Работ в первые дни по прибытии мне не пришлось видеть, потому что настал праздник Пасхи, празднуемый три дня на приисках в числе немногих других. Празднуют еще два дня Рождества, один день Троицы, и больше полагается никаких праздников, ни даже воскресных дней; прежде в эти дни работали с увеличенной платой, но теперь и это почти вышло из моды. В месяц полагается рабочим один льготный день, иногда отбываемый одновременно всей артелью, иногда как то было у нас, то тем, то другим рабочим по очереди. Почти каждый рабочий, кроме этого, остается раз или два в месяц больным: некоторые компании, как то делала наша, смотрит на это сквозь пальцы, понимая, что надо же рабочему отдохнуть; другие преследуют строго притворные болезни, отправляя за них к исправнику. Больным жалование не выдается, но содержание полагается, хотя в уменьшенном размере: вместо 1,25 фунта в день – только фунт мяса или солонины. На больших приисках существуют больницы, на других, как то было на нашем, под больницу отводят номинально комнату в казарме, хотя иногда больные совершенно и не лежат там. Фельдшер полагается обязательно для каждого прииска, а мелкие нанимают сообща одного на несколько приисков. Иногда это фельдшера только по названию – из бывших при больнице сторожей, или просто из мелких служащих. У нас был настоящий фельдшер с одного из крупных приисков, заведовавший при том больничной частью и на многих мелких. Обязанный объехать все эти прииски, он нигде не останавливался на долго. Раз утром я видел осмотр больных: фельдшер сидел на маленьких саночках, а двое больных шагах в пяти стояли поодаль. «Вот этот болен, а этот притворяется» — говорил удивительный диагноз, тыча в рабочих пальцем. Вскоре этого фельдшера сменяли, пригласив на его место ссыльного за восстание поляка, бывшего студента Киевского университета. Этот был совсем в другом роде: маленького роста, сгорбленный, облысевший, хотя ему было немногим больше сорока лет, он представлял собой весьма комическую фигуру, какие встречаются только в глухой провинции, но сердце у него было золотое. Больных он осматривал очень внимательно, лечил прилежно, хотя и дешевыми, самодельными лекарствами (он сам получал за операцию 120 рублей при своих лекарствах). Его постоянно можно было видеть на худой кляче, настоящем Росинанте, разъезжавшим в разных направлениях по тайге.

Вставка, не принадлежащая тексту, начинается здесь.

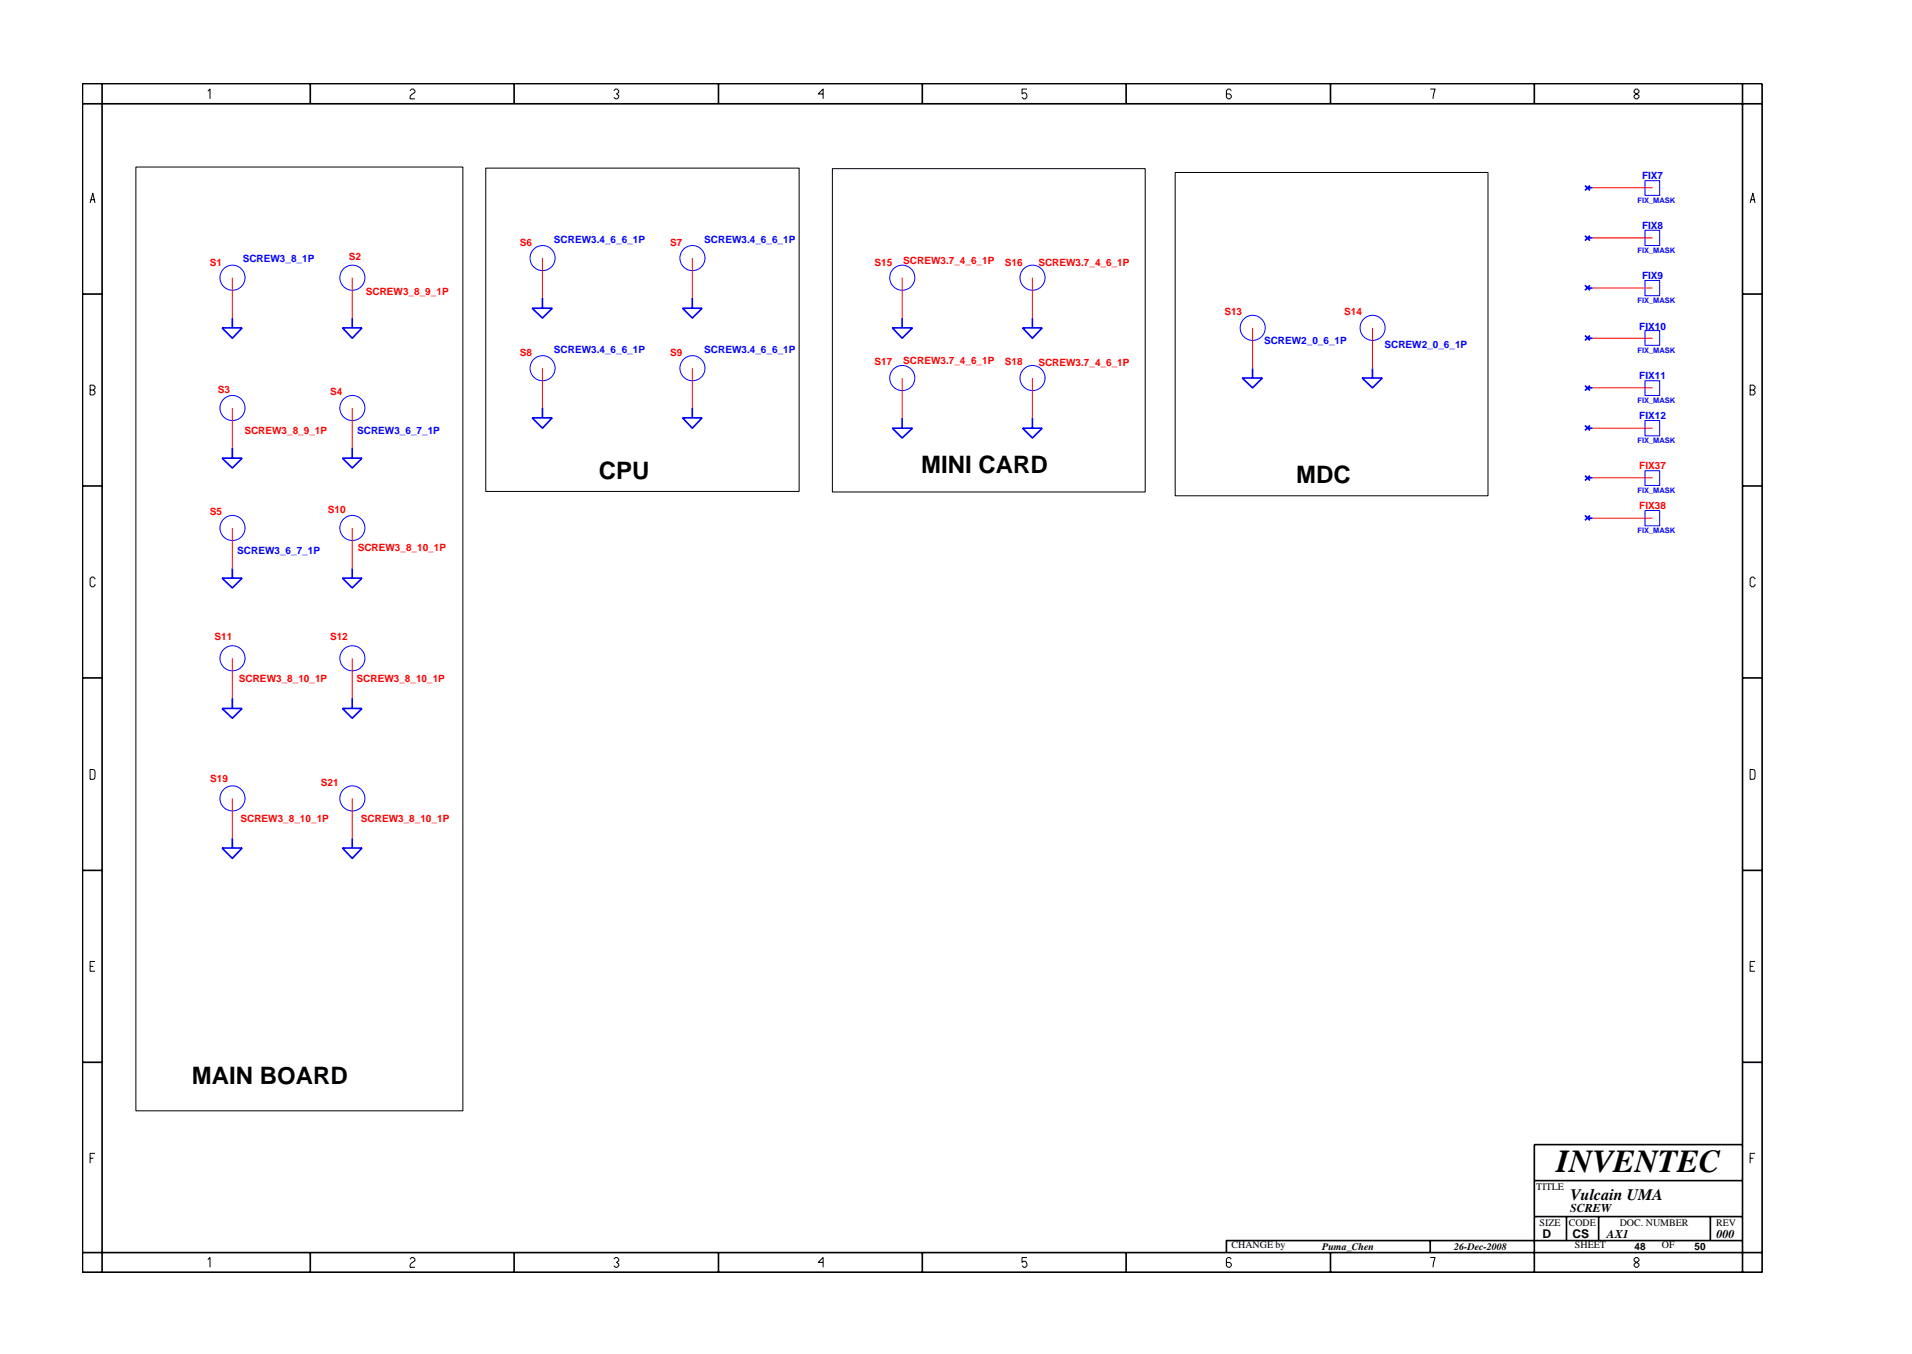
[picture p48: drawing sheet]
<svg xmlns="http://www.w3.org/2000/svg" width="297mm" height="210mm" viewBox="0 0 297 210" stroke-linecap="round" stroke-linejoin="round" font-family="sans-serif">
<defs><g id="words">
<text font-size="5" x="241.8" y="182">INVENTEC</text>
<g font-size="3.7">
<text x="93" y="74.3">CPU</text>
<text x="143.1" y="73.5">MINI CARD</text>
<text x="201.4" y="75">MDC</text>
<text x="29.8" y="168.4">MAIN BOARD</text>
</g>
<text font-size="2.5" x="244" y="186.3">Vulcain UMA</text>
<g font-size="1.9">
<text x="244" y="188.2">SCREW</text>
<text x="239.6" y="192.2">D</text>
<text x="244.3" y="192.3">CS</text>
<text x="249.6" y="192.3">AX1</text>
<text x="266.6" y="192.2">000</text>
</g>
<g font-size="1.6" fill="#00f">
<text x="255.1" y="27.8">FIX7</text>
<text x="255.1" y="35.6">FIX8</text>
<text x="37.7" y="40.7">SCREW3_8_1P</text>
<text x="86.1" y="37.8">SCREW3.4_6_6_1P</text>
<text x="109.4" y="37.8">SCREW3.4_6_6_1P</text>
<text x="255.1" y="43.4">FIX9</text>
<text x="196.4" y="53.4">SCREW2_0_6_1P</text>
<text x="254.7" y="51.2">FIX10</text>
<text x="86.1" y="54.9">SCREW3.4_6_6_1P</text>
<text x="109.4" y="54.9">SCREW3.4_6_6_1P</text>
<text x="215.1" y="54">SCREW2_0_6_1P</text>
<text x="254.7" y="58.9">FIX11</text>
<text x="254.7" y="65.1">FIX12</text>
<text x="55.5" y="67.3">SCREW3_6_7_1P</text>
<text x="36.9" y="86">SCREW3_6_7_1P</text>
</g>
<g font-size="1.6" fill="#f00">
<text x="32.6" y="41.3">S1</text>
<text x="54.2" y="40.3">S2</text>
<text x="80.8" y="38.1">S6</text>
<text x="104.1" y="38.1">S7</text>
<text x="135.9" y="41.3">S15</text>
<text x="140.3" y="41">SCREW3.7_4_6_1P</text>
<text x="156.1" y="41.3">S16</text>
<text x="161.3" y="41.3">SCREW3.7_4_6_1P</text>
<text x="56.8" y="45.8">SCREW3_8_9_1P</text>
<text x="190.2" y="49">S13</text>
<text x="208.8" y="49">S14</text>
<text x="80.8" y="55.2">S8</text>
<text x="104.1" y="55.2">S9</text>
<text x="135.9" y="56.8">S17</text>
<text x="140.3" y="56.5">SCREW3.7_4_6_1P</text>
<text x="156.1" y="56.8">S18</text>
<text x="161.3" y="56.8">SCREW3.7_4_6_1P</text>
<text x="33.9" y="61">S3</text>
<text x="51.3" y="61.4">S4</text>
<text x="38" y="67.4">SCREW3_8_9_1P</text>
<text x="254.7" y="72.8">FIX37</text>
<text x="32.6" y="80">S5</text>
<text x="50.9" y="79.6">S10</text>
<text x="254.7" y="79.1">FIX38</text>
<text x="55.6" y="85.5">SCREW3_8_10_1P</text>
<text x="33.3" y="99.4">S11</text>
<text x="51.3" y="99.3">S12</text>
<text x="37.1" y="105.9">SCREW3_8_10_1P</text>
<text x="55.4" y="105.9">SCREW3_8_10_1P</text>
<text x="32.7" y="121.4">S19</text>
<text x="49.8" y="122">S21</text>
<text x="37.4" y="127.7">SCREW3_8_10_1P</text>
<text x="56.1" y="127.6">SCREW3_8_10_1P</text>
</g>
<g font-size="1.6">
<text x="238.7" y="184.8">TITLE</text>
<text x="239.2" y="190.4">SIZE</text>
<text x="243.7" y="190.4">CODE</text>
<text x="251.6" y="190.4">DOC. NUMBER</text>
<text x="266.6" y="190.4">REV</text>
<text x="191.3" y="193.9">CHANGE by</text>
<text x="205.4" y="194.1">Puma_Chen</text>
<text x="225.9" y="194.1">26-Dec-2008</text>
<text x="244.7" y="193.9">SHEET</text>
<text x="253.9" y="194.1">48</text>
<text x="258.2" y="193.9">OF</text>
<text x="263.3" y="194.1">50</text>
</g>
<g font-size="1.2" fill="#00f">
<text x="254.4" y="31.5">FIX_MASK</text>
<text x="254.4" y="39.3">FIX_MASK</text>
<text x="254.4" y="47">FIX_MASK</text>
<text x="254.4" y="54.8">FIX_MASK</text>
<text x="254.4" y="62.6">FIX_MASK</text>
<text x="254.4" y="68.8">FIX_MASK</text>
<text x="254.4" y="76.6">FIX_MASK</text>
<text x="254.4" y="82.7">FIX_MASK</text>
</g>
</g></defs>
<g fill="none" stroke="#00f" stroke-width=".25">
<path d="M246.2 28.8l.8 .8M246.2 36.6l.8 .8M246.6 29.2h.8M246.6 36.9h.8M247 28.8l-.8 .8M247 36.6l-.8 .8M34.5 50.9h3.1l-1.5 1.6zM36.1 49.4v1.5M53.2 50.9h3l-1.5 1.6zM54.7 49.4v1.5M82.7 47.9h3.1l-1.5 1.5zM84.3 46.3v1.6"/>
<path d="M106 47.9h3.1l-1.5 1.5zM107.6 46.3v1.6M138.6 50.9h3.2l-1.6 1.6zM140.2 49.4v1.5M158.9 50.9h3l-1.5 1.6zM160.4 49.4v1.5M193 58.7h3.1l-1.5 1.5zM194.6 57.2v1.5M211.6 58.7h3.1l-1.5 1.5zM213.2 57.2v1.5M246.2 52.1l.8 .8M246.2 59.9l.8 .7"/>
<path d="M246.2 44.3l.8 .8M246.6 52.5h.8M246.6 44.7h.8M247 52.1l-.8 .8M247 59.9l-.8 .7M247 44.3l-.8 .8M34.5 71.1h3.1l-1.5 1.6zM36.1 69.5v1.6M53.2 71.1h3l-1.5 1.6zM54.7 69.5v1.6M82.7 64.9h3.1l-1.5 1.6zM84.3 63.4v1.5"/>
<path d="M106 64.9h3.1l-1.5 1.6zM107.6 63.4v1.5M138.6 66.5h3.2l-1.6 1.5zM140.2 64.9v1.6M158.9 66.5h3l-1.5 1.5zM160.4 64.9v1.6M246.2 73.9l.8 .7M246.2 66.1l.8 .7M246.6 74.2h.8M246.6 66.5h.8M246.6 60.2h.8M247 73.9l-.8 .7"/>
<path d="M247 66.1l-.8 .7M34.5 89.8h3.1l-1.5 1.5zM36.1 88.3v1.5M53.2 89.8h3l-1.5 1.5zM54.7 88.3v1.5M246.2 80l.8 .8M246.6 80.5h.8M247 80l-.8 .8M34.5 110h3.1l-1.5 1.5zM36.1 108.4v1.6M53.2 110h3l-1.5 1.5zM54.7 108.4v1.6"/>
<path d="M34.5 131.7h3.1l-1.5 1.6zM36.1 130.2v1.5M53.2 131.7h3l-1.5 1.6zM54.7 130.2v1.5"/>
</g>
<g fill="none" stroke="#00f" stroke-width=".16">
<path d="M255.6 35.8h2.2v2.3h-2.2zM255.6 28.1h2.2v2.2h-2.2zM255.6 59.1h2.2v2.3h-2.2zM255.6 51.3h2.2v2.3h-2.2zM255.6 43.5h2.2v2.4h-2.2zM255.6 73.1h2.2v2.3h-2.2zM255.6 79.3h2.2v2.3h-2.2zM255.6 65.3h2.2v2.4h-2.2z"/>
<circle cx="36.1" cy="43.1" r="1.95"/>
<circle cx="54.7" cy="43.1" r="1.95"/>
<circle cx="84.3" cy="57.2" r="1.95"/>
<circle cx="84.3" cy="40.1" r="1.95"/>
<circle cx="107.6" cy="40.1" r="1.95"/>
<circle cx="107.6" cy="57.2" r="1.95"/>
<circle cx="140.2" cy="43.1" r="1.95"/>
<circle cx="140.2" cy="58.7" r="1.95"/>
<circle cx="160.4" cy="58.7" r="1.95"/>
<circle cx="160.4" cy="43.1" r="1.95"/>
<circle cx="194.6" cy="50.9" r="1.95"/>
<circle cx="213.2" cy="50.9" r="1.95"/>
<circle cx="36.1" cy="63.4" r="1.95"/>
<circle cx="54.7" cy="63.4" r="1.95"/>
<circle cx="36.1" cy="82" r="1.95"/>
<circle cx="54.7" cy="82" r="1.95"/>
<circle cx="36.1" cy="102.2" r="1.95"/>
<circle cx="54.7" cy="102.2" r="1.95"/>
<circle cx="36.1" cy="124" r="1.95"/>
<circle cx="54.7" cy="124" r="1.95"/>
</g>
<g fill="none" stroke="#f00" stroke-width=".16">
<path d="M247.4 36.9h9.3M247.4 29.2h9.3M36.1 43.1v6.3M54.7 43.1v6.3M84.3 40.1v6.2M84.3 57.2v6.2M107.6 40.1v6.2M107.6 57.2v6.2M140.2 43.1v6.3M140.2 58.7v6.2M160.4 43.1v6.3M160.4 58.7v6.2"/>
<path d="M194.6 50.9v6.3M213.2 50.9v6.3M247.4 52.5h9.3M247.4 44.7h9.3M36.1 63.4v6.1M54.7 63.4v6.1M247.4 74.2h9.3M247.4 66.5h9.3M247.4 60.2h9.3M36.1 82v6.3M54.7 82v6.3M247.4 80.5h9.3"/>
<path d="M36.1 102.2v6.2M54.7 102.2v6.2M36.1 124v6.2M54.7 124v6.2"/>
</g>
<g fill="none" stroke="#000" stroke-width=".25">
<path d="M12.8 13h261v184.6h-261zM12.8 16.1h261M15.9 13v184.6M48.2 13v3.1M79.9 13v3.1M111.6 13v3.1M143.3 13v3.1M174.9 13v3.1M206.7 13v3.1M238.4 13v3.1M270.7 13v184.6M12.8 45.7h3.1"/>
<path d="M270.7 45.7h3.1M12.8 75.5h3.1M270.7 75.5h3.1M12.8 105.3h3.1M270.7 105.3h3.1M12.8 135.2h3.1M270.7 135.2h3.1M12.8 165h3.1M270.7 165h3.1M270.7 177.7h-32.3v19.9M12.8 194.5h261M48.2 194.5v3.1"/>
<path d="M79.9 194.5v3.1M111.6 194.5v3.1M143.3 194.5v3.1M174.9 194.5v3.1M206.7 194.5v3.1M222.2 192.6v1.9M238.4 183.3h32.3M238.4 188.9h32.3M243.4 188.9v3.7M248.4 188.9v3.7M265.7 188.9v3.7M270.7 192.6h-80.2v1.9"/>
</g>
<g fill="none" stroke="#000" stroke-width=".16">
<path d="M32.3 14.2l.3-.4v1.6M63.7 14.1l.3-.3h.2l.3 .3v.2l-.5 .4-.3 .4v.3h.8M95.4 14.1l.2-.3h.3l.2 .3v.2l-.3 .3 .3 .2v.3l-.2 .3h-.3l-.2-.3M127.9 14.6h-.8l.8-.8v1.6M159.5 13.8h-.7v.8l.2-.2a.5 .5 0 0 1 .5 .7l-.2 .3h-.3l-.2-.3M191.3 14.1l-.3-.3h-.2l-.3 .3v1l.3 .3h.2l.3-.3v-.3l-.3-.2h-.5M222.2 13.8h.8l-.4 1.6M253.9 14.1l.2-.3h.3l.2 .3v.2l-.7 .5v.3l.2 .3h.3l.2-.3v-.3l-.7-.5zM14 31.5l.4-1.5 .4 1.5M14.1 31h.6M21.1 25.9h50.8v146.6h-50.8zM75.5 26.1h48.6v50.2h-48.6z"/>
<path d="M129.3 26.2h48.6v50.2h-48.6zM182.6 26.8h48.6v50.2h-48.6zM271.9 31.5l.4-1.5 .4 1.5M272 31h.6M14 60.6h.5l.3-.3v-.2l-.3-.3h-.5v1.5h.5l.3-.2v-.3l-.3-.2M271.9 60.6h.5l.3-.3v-.2l-.3-.3h-.5v1.5h.5l.3-.2v-.3l-.3-.2M14.8 89.9l-.3-.3h-.2l-.3 .3v1l.3 .2h.2l.3-.2v-.2M272.7 89.9l-.3-.3h-.3l-.2 .3v1l.2 .2h.3l.3-.2v-.2M14 119.5l.7 .1 .1 .2-.1 1.1-.7 .1zM271.9 119.5l.7 .1 .1 .2-.1 1.1-.7 .1zM14 150.1h.5M14.8 149.3h-.8v1.5h.8"/>
<path d="M271.9 150.1h.5M272.7 149.3h-.8v1.5h.8M14 179.9h.5M14.8 179.1h-.8v1.5M271.9 179.9h.5M272.7 179.1h-.8v1.5M32.3 195.6l.3-.3v1.5M63.7 195.5l.3-.2h.2l.3 .2v.3l-.7 .5-.1 .2v.3h.8M95.4 195.5l.2-.2h.3l.2 .2v.3l-.3 .2 .3 .3v.2l-.2 .3h-.3l-.2-.3M127.9 196h-.8l.8-.7v1.5M159.5 195.3h-.7v.7l.2-.1a.5 .5 0 0 1 .5 .6l-.2 .3h-.3l-.2-.3M191.3 195.5l-.3-.2h-.2l-.3 .2v1l.3 .3h.2l.3-.3v-.2l-.3-.3h-.5"/>
<path d="M222.2 195.3h.8l-.4 1.5M254.1 195.3l-.2 .2v.3l.7 .5v.2l-.2 .3h-.3l-.2-.3v-.2l.7-.5v-.3l-.2-.2z"/>
</g>
<use href="#words"/>
</svg>

На нашем прииске собрались люди более или менее образованные, при том пришлые в Сибирь, почему он не мог дать вполне ясного представления о порядках, существующих на других приисках, ни о таежном обществе вообще. Между тем ежедневные, неустанные занятия почти не позволяли мне познакомиться с этим обществом: выехать с прииска на другие мне пришлось все раза три-четыре за всю операцию. Первый раз на праздниках, я был у письмоводителя исправника, где собиралось весьма маленькое общество, из двух-трех писарей, из золотопромышленника, служащих. Все пили изрядно, разговаривали о золотопромышленности, и все на этот раз скучали. Замечу, между прочим, что письмоводитель играет в тайге очень видную роль, так он ведет все дела, благодаря тому, что исправники предпочитают только подписывать. Происходя из казаков, поселенцев, мелки полицейских писцов, письмоводители обыкновенно кончают тем, что делаются крупными золотопромышленниками. Среди золотопромышленников есть несколько бывших письмоводителей, и один из них состоит в компании с бывшим рабочим-спиртоносом: эти компаньоны захватили в настоящее время в свои руки чуть ли не половину тайги. Происхождение вообще золотопромышленников бывает иногда весьма темное, и в истории их обогащения спирт играет выдающуюся роль: служащие под стать этим полуграмотным хозяевам. На этих приисках кулачная расправа применяется не только по отношению к рабочим, но и к служащим. Однажды на один из приисков, где служил мой знакомый, прибежал служащий с соседнего прииска, спасаясь от своего хозяина, который, по его словам, бил его «и в морду, и в шею», а потом рассвирепев, две версты гнался за ним. Конечно, такие дикие нравы встречаются только у так называемых «жиганов», но ими в настоящее время кишит чуть ли не вся тайга.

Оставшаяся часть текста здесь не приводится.